**Exercise aim**
Your answer should consist of every line in the records that holds "along".

**Stored data entries**
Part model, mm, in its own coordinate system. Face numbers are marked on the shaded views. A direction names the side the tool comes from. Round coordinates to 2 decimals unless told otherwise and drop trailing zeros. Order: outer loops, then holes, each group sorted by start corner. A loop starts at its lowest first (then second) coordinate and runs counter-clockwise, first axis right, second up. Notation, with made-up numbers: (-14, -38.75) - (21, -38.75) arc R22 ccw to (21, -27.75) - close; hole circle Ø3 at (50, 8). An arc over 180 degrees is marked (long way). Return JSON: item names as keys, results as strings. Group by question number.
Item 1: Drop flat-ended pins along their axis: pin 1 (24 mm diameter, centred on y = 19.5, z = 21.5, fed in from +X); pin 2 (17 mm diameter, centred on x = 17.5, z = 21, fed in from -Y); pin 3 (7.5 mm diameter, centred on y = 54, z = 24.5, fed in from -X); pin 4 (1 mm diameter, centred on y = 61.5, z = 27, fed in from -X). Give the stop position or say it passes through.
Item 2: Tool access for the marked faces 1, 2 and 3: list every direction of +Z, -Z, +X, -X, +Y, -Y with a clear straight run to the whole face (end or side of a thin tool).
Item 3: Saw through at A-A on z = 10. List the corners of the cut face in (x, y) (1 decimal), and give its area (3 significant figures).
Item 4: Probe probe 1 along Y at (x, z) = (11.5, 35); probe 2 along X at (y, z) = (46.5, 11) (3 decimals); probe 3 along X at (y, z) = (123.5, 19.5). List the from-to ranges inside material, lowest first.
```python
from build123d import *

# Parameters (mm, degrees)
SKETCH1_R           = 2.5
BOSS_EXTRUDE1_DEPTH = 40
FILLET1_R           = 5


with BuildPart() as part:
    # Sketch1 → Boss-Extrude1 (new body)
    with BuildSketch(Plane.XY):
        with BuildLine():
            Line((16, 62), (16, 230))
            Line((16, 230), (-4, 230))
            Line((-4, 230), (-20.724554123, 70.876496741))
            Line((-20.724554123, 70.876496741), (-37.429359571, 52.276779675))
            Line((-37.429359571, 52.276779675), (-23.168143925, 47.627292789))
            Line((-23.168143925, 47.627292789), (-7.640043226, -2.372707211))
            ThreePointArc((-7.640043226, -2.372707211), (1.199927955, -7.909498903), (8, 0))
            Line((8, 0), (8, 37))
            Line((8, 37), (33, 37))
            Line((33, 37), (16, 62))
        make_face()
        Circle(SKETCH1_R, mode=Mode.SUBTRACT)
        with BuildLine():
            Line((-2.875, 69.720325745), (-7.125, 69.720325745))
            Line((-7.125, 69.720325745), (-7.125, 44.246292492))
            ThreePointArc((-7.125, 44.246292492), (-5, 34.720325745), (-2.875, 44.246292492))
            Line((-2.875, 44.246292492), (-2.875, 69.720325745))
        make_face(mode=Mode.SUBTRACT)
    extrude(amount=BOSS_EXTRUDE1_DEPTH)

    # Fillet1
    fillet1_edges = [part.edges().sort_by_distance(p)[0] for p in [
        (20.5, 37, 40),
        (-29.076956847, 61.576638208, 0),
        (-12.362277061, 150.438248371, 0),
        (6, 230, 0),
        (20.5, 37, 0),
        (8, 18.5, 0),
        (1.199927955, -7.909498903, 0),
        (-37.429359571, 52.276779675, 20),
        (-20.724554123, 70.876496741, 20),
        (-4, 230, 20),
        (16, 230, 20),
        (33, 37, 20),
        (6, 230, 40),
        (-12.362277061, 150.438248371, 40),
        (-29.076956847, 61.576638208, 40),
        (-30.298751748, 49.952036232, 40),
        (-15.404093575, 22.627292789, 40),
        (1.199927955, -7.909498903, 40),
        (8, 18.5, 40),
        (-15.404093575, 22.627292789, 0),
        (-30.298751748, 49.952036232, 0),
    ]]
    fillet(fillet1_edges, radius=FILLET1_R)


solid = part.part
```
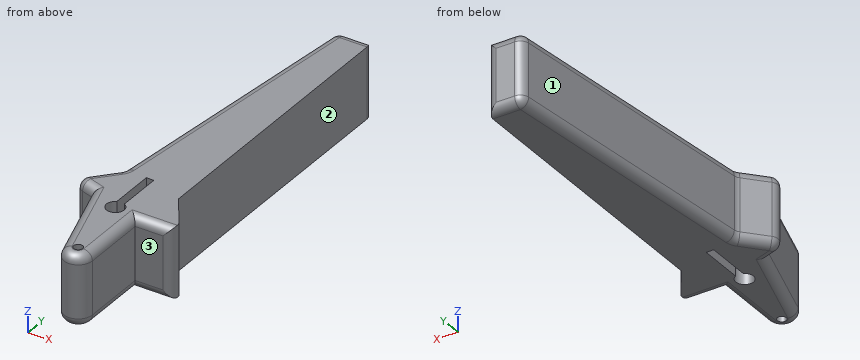
Filled in:
{
 "1": {"pin 1": "stops at x = 8", "pin 2": "stops at y = 37", "pin 3": "stops at x = -33.58", "pin 4": "stops at x = -29.59"},
 "2": {"face 1": "+Z, -Z, -X, +Y", "face 2": "+Z, -Z, +X, +Y", "face 3": "+Z, -Z, +X, -Y"},
 "3": {"outline": "(-32.3, 58) arc R5 ccw to (-30.1, 49.9) - (-23.2, 47.6) - (-7.6, -2.4) arc R8 ccw to (8, 0) - (8, 37) - (23.6, 37) arc R5 ccw to (27.7, 44.8) - (16, 62) - (16, 225) arc R5 ccw to (11, 230) - (0.5, 230) arc R5 ccw to (-4.5, 225.5) - (-20.6, 72.5) arc R5 cw to (-21.8, 69.7) - close; hole (-7.1, 44.2) arc R5 ccw (long way) to (-2.9, 44.2) - (-2.9, 69.7) - (-7.1, 69.7) - close; hole circle Ø5 at (0, 0)", "area": "6,850 mm^2"},
 "4": {"probe 1": "y = 37 to 229.97", "probe 2": "x = -22.818 to -7.125, -2.875 to 26.54", "probe 3": "x = -15.19 to 16"}
}

**Output for this exercise**
Item 1: Drop flat-ended pins along their axis: pin 1 (24 mm diameter, centred on y = 19.5, z = 21.5, fed in from +X); pin 2 (17 mm diameter, centred on x = 17.5, z = 21, fed in from -Y); pin 3 (7.5 mm diameter, centred on y = 54, z = 24.5, fed in from -X); pin 4 (1 mm diameter, centred on y = 61.5, z = 27, fed in from -X). Give the stop position or say it passes through.
Item 4: Probe probe 1 along Y at (x, z) = (11.5, 35); probe 2 along X at (y, z) = (46.5, 11) (3 decimals); probe 3 along X at (y, z) = (123.5, 19.5). List the from-to ranges inside material, lowest first.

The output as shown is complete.